À l’intérieur de la maison qu’ils occupent depuis 2021, des fissures craquent les murs. « La cloison de la chambre s’est abaissée d’un centimètre. La porte de la cuisine travaille si fort qu’elle s’ouvre toute seule. »
Nicolas Schils et sa compagne Cécile Martin ont alerté les propriétaires, leur assurance et le maire, mais les choses n’avancent pas assez vite. Le jour de Noël, le couple n’arrive plus à tenir. «Ça craquait tout le temps. Nous avions vraiment peur. » Persuadé que la maison va leur tomber sur la tête, Nicolas Schils passe sa matinée au téléphone pour trouver un hôtel. « J’ai laissé les enfants ouvrir leurs cadeaux et nous avons fait nos valises. »
Crise cardiaque, maladie et handicap
“Nous n’avons pas eu de chance ces derniers temps, donc nous n’allons pas forcer le sort”, poursuit-il. L’ancien bûcheron, victime d’un arbre « faiseur de veuves » il y a trois ans, a subi un important traumatisme crânien l’obligeant à se reconvertir. Il ouvre ensuite sa propre entreprise de lutte antiparasitaire, en plus de son poste de chauffeur de camion. « Il y a deux ans, suite à l’injection du vaccin Covid et à mon rythme de vie, j’ai eu une crise cardiaque.

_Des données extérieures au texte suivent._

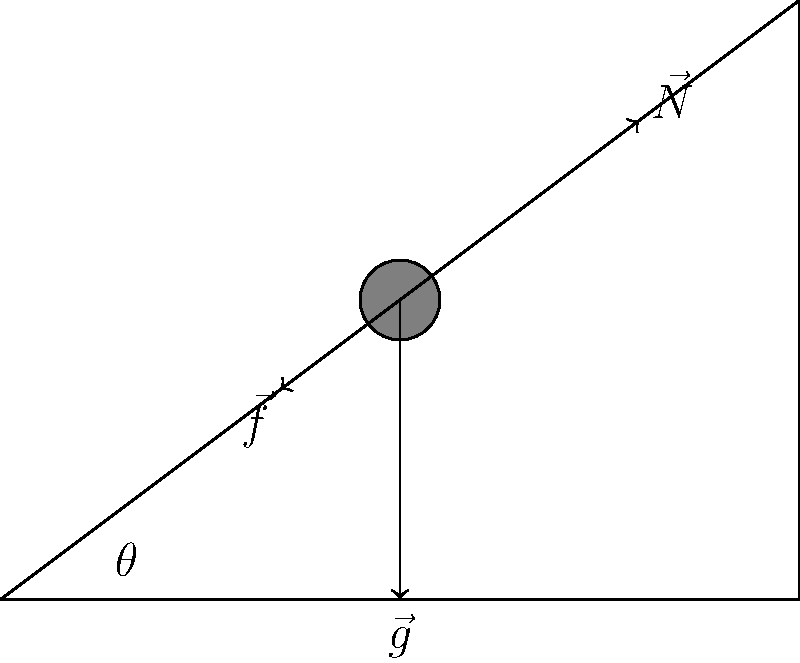In the context of helping individuals with criminal backgrounds readjust to society, consider the following scenario: A person is pushing a heavy box up an inclined plane as part of a rehabilitation program. The box has a mass of 50 kg, and the inclined plane makes an angle of 30° with the horizontal. Given that the coefficient of friction between the box and the plane is 0.2, calculate the magnitude of the force parallel to the inclined plane that the person needs to apply to move the box up the plane at a constant velocity. Let's approach this step-by-step:

1) First, we need to identify the forces acting on the box:
   - Gravity ($\vec{g}$): Acting downward
   - Normal force ($\vec{N}$): Perpendicular to the inclined plane
   - Friction force ($\vec{f}$): Parallel to the plane, opposing motion
   - Applied force ($\vec{F}$): Parallel to the plane, in the direction of motion

2) Calculate the components of the gravitational force:
   - Weight of the box: $W = mg = 50 \text{ kg} \times 9.8 \text{ m/s}^2 = 490 \text{ N}$
   - Component parallel to the plane: $W_{\parallel} = W \sin 30° = 490 \times 0.5 = 245 \text{ N}$
   - Component perpendicular to the plane: $W_{\perp} = W \cos 30° = 490 \times 0.866 = 424.34 \text{ N}$

3) The normal force is equal to the perpendicular component of weight:
   $N = W_{\perp} = 424.34 \text{ N}$

4) Calculate the friction force:
   $f = \mu N = 0.2 \times 424.34 = 84.87 \text{ N}$

5) For constant velocity, the net force along the plane must be zero:
   $F - f - W_{\parallel} = 0$

6) Solve for F:
   $F = f + W_{\parallel} = 84.87 + 245 = 329.87 \text{ N}$

Therefore, the person needs to apply a force of approximately 329.87 N parallel to the inclined plane to move the box at a constant velocity.
Answer: 329.87 N 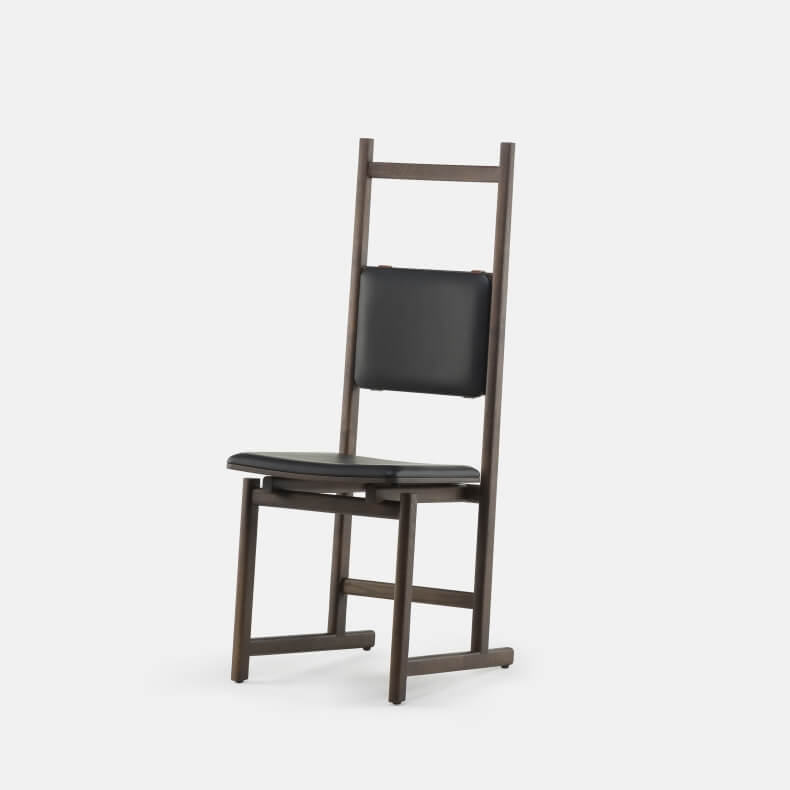What type of setting or environment might this chair be best suited for based on its design and the materials visible in the image? The chair's minimalist and sleek design, with clean lines and a lack of ornate details, makes it ideal for modern and contemporary settings. The dark frame and black upholstery suggest that it could fit perfectly in a professional environment like an office, conference room, or a modern home's dining area. Additionally, the ergonomic curve of the backrest indicates a design focused on comfort and support, making it suitable for settings where extended sitting is common, such as workspaces or study areas. The materials convey a sense of durability and elegance, enhancing its suitability for both formal and informal environments. 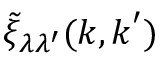<formula> <loc_0><loc_0><loc_500><loc_500>\tilde { \xi } _ { \lambda \lambda ^ { \prime } } ( k , k ^ { \prime } )</formula> 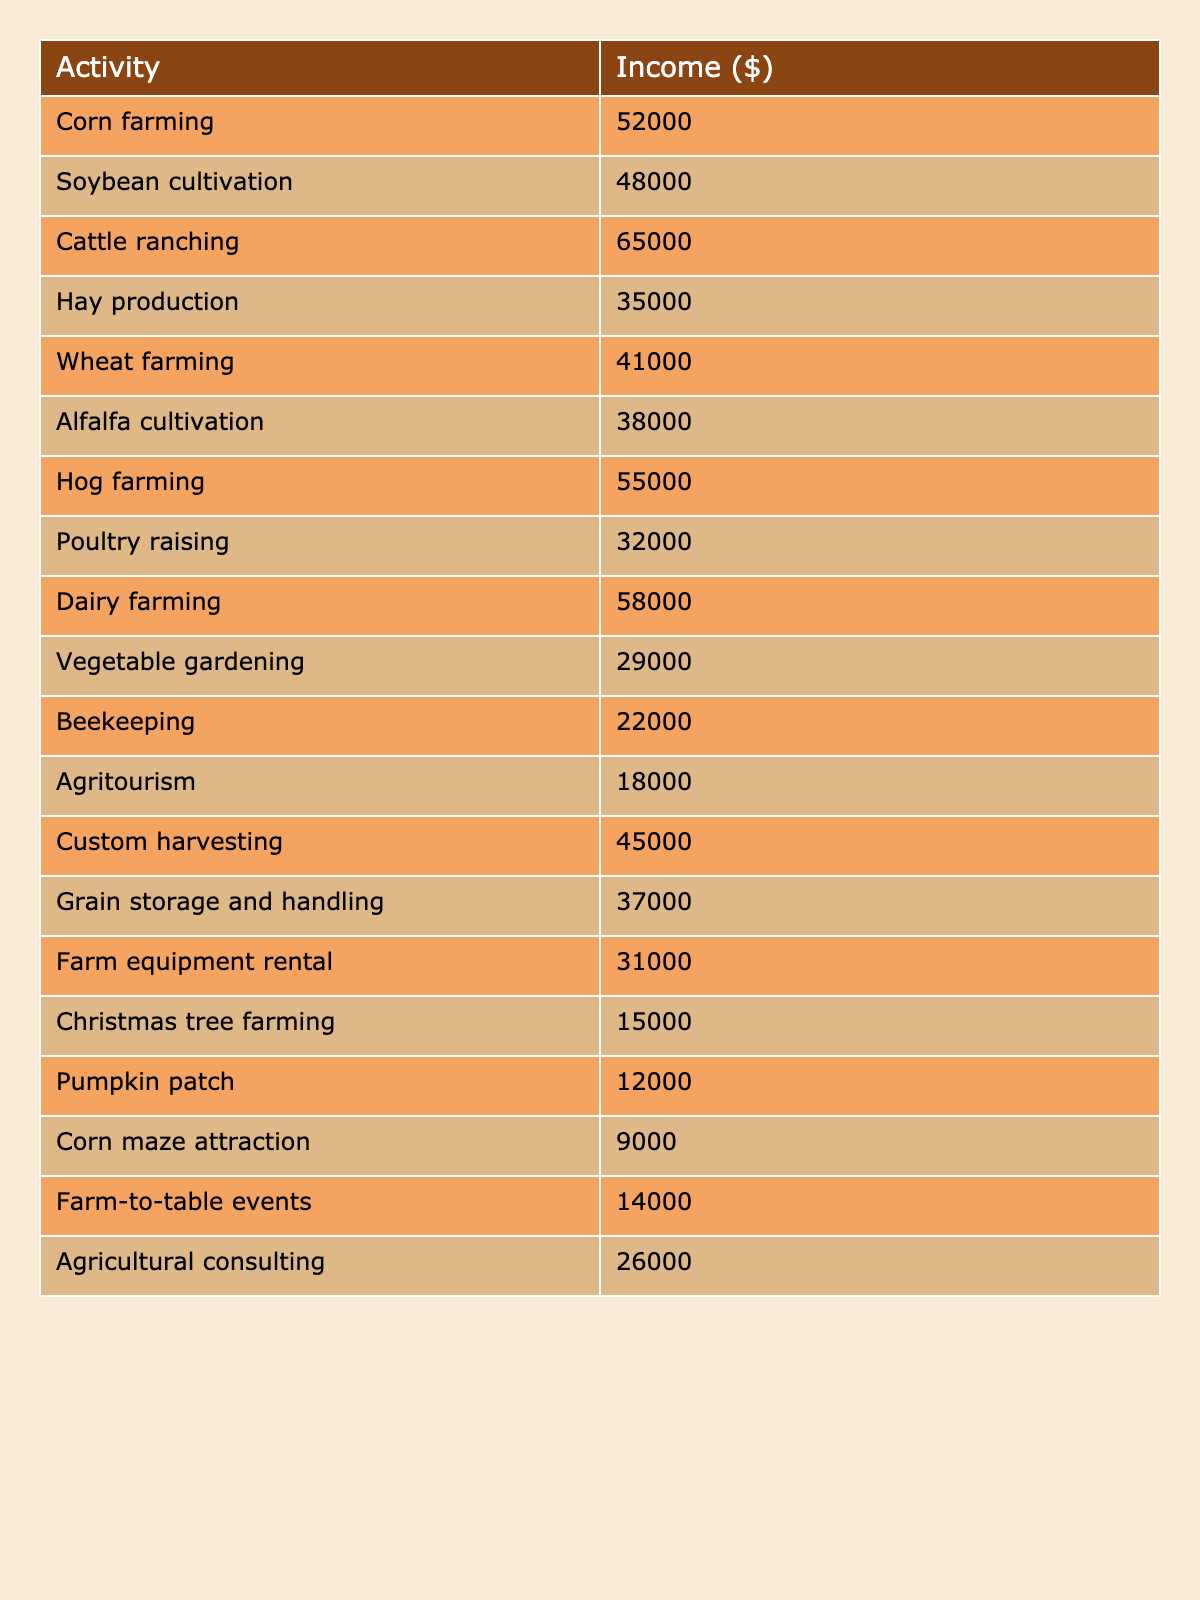What is the income from cattle ranching? The table shows that the income from cattle ranching is listed as $65,000.
Answer: $65,000 What agricultural activity has the highest income? Looking through the table, cattle ranching shows the highest income at $65,000 compared to other activities listed.
Answer: Cattle ranching What is the total income from corn farming and soybean cultivation? The income from corn farming is $52,000 and from soybean cultivation is $48,000. Adding these together gives $52,000 + $48,000 = $100,000.
Answer: $100,000 Is the income from poultry raising higher than that from beekeeping? The table indicates that poultry raising has an income of $32,000, and beekeeping has an income of $22,000. Since $32,000 is greater than $22,000, the statement is true.
Answer: Yes What is the average income across all activities listed? To find the average, we sum all the incomes: $52,000 + $48,000 + $65,000 + $35,000 + $41,000 + $38,000 + $55,000 + $32,000 + $58,000 + $29,000 + $22,000 + $18,000 + $45,000 + $37,000 + $31,000 + $15,000 + $12,000 + $9,000 + $14,000 + $26,000 = $674,000. There are 20 activities, so the average is $674,000 / 20 = $33,700.
Answer: $33,700 What percentage of the total income does the hog farming generate? The income from hog farming is $55,000. First, we calculate the total income of $674,000. Now, to find the percentage: ($55,000 / $674,000) * 100 = approximately 8.15%.
Answer: Approximately 8.15% Which agricultural activity has the lowest income? Reviewing the table, pumpkin patch has the lowest income listed at $12,000 compared to other activities.
Answer: Pumpkin patch How much more income does dairy farming generate than vegetable gardening? Dairy farming has an income of $58,000 and vegetable gardening has $29,000. The difference is calculated as $58,000 - $29,000 = $29,000.
Answer: $29,000 Is the total income from grain storage and handling and farm equipment rental greater than that from tomato gardening and agritourism combined? Grain storage and handling makes $37,000, and farm equipment rental makes $31,000, giving a combined income of $37,000 + $31,000 = $68,000. Tomato gardening (not listed but inferred as vegetable gardening) and agritourism (which is $18,000) would be $29,000 + $18,000 = $47,000. Since $68,000 is greater than $47,000, the statement is true.
Answer: Yes What income activities are below $30,000? The table indicates activities below $30,000: vegetable gardening at $29,000, beekeeping at $22,000, agritourism at $18,000, Christmas tree farming at $15,000, pumpkin patch at $12,000, and corn maze attraction at $9,000.
Answer: Vegetable gardening, beekeeping, agritourism, Christmas tree farming, pumpkin patch, corn maze attraction 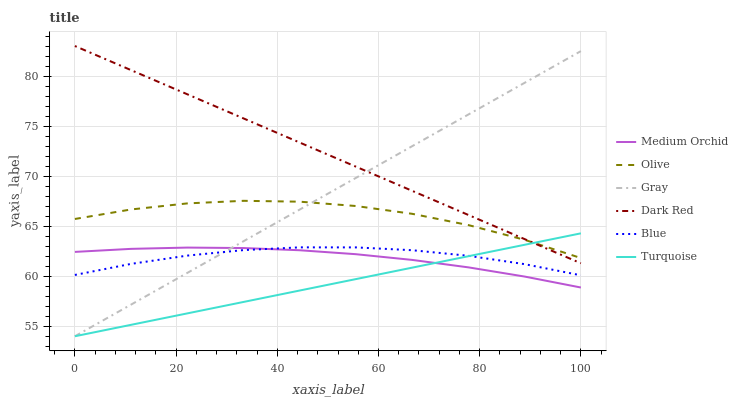Does Turquoise have the minimum area under the curve?
Answer yes or no. Yes. Does Dark Red have the maximum area under the curve?
Answer yes or no. Yes. Does Gray have the minimum area under the curve?
Answer yes or no. No. Does Gray have the maximum area under the curve?
Answer yes or no. No. Is Turquoise the smoothest?
Answer yes or no. Yes. Is Olive the roughest?
Answer yes or no. Yes. Is Gray the smoothest?
Answer yes or no. No. Is Gray the roughest?
Answer yes or no. No. Does Gray have the lowest value?
Answer yes or no. Yes. Does Dark Red have the lowest value?
Answer yes or no. No. Does Dark Red have the highest value?
Answer yes or no. Yes. Does Gray have the highest value?
Answer yes or no. No. Is Medium Orchid less than Olive?
Answer yes or no. Yes. Is Dark Red greater than Medium Orchid?
Answer yes or no. Yes. Does Medium Orchid intersect Blue?
Answer yes or no. Yes. Is Medium Orchid less than Blue?
Answer yes or no. No. Is Medium Orchid greater than Blue?
Answer yes or no. No. Does Medium Orchid intersect Olive?
Answer yes or no. No.

Maintenant, avec les traitements, je ne peux plus travailler comme avant. »
Sa compagne, victime de sarcoïdose, une maladie auto-immune qui touche ses poumons, a dû arrêter de travailler pour s’occuper de leur fils de 10 ans. « En 2018, Gabriel a été infecté par la bactérie Escherichia coli. En février 2024, on lui a diagnostiqué une anomalie génétique rare, TUBB2A. Il est handicapé à 100%. » Reste la grande sœur Amelyne, 14 ans, joueuse de rugby et fan.
Dans un premier temps, la famille s’est réfugiée, n’apportant que ce dont elle avait besoin pour trois jours. «Entre-temps, la compagnie d’assurance nous a déconseillé d’entrer dans la maison. Comme il n’est pas effondré, notre assurance ne nous couvre pas, mais s’il s’effondre alors que j’y suis, même si j’ai déclaré l’incident, je n’y suis pas non plus couvert. »
Une situation grotesque qui devient dramatique lorsque le couple manque de nutrition entérale pour le plus jeune. « J’ai appelé les pompiers. Je ne voulais pas qu’ils entrent, mais qu’ils soient là pour me sauver si nous n’avions pas de chance à nouveau», explique Nicolas Schils avec bon sens.
Toujours digne
Les propriétaires ont réservé un hébergement pour la famille afin qu’elle puisse s’abriter encore deux jours, en attendant le retour de l’analyse de la charpente et du gros oeuvre pour préciser l’ampleur du sinistre. Le maire de Lacquy, Patrick Roussarie, attend également ces éléments pour « émettre un arrêté de sécurisation de l’immeuble. Nous avons signalé le danger avec du ruban adhésif et des panneaux. Les occupants sont en sécurité, c’est le principal. Personne ne vivra ici tant que les travaux ne seront pas terminés. J’y veillerai. » C’est la première fois en quatorze ans de mandat qu’il est confronté à une telle situation.
Dans ce désastre, une maison près de Saint-Gein, adaptée au handicap de leur fils, fait office de lueur d’espoir. « Reste à savoir comment nous allons récupérer le lit médicalisé de notre fils, la collection d’autographes de notre fille, nos affaires, nos papiers, nos appareils électroménagers. Nous passons toute notre vie dans cette maison», souffle la mère. Sans colère, toujours digne.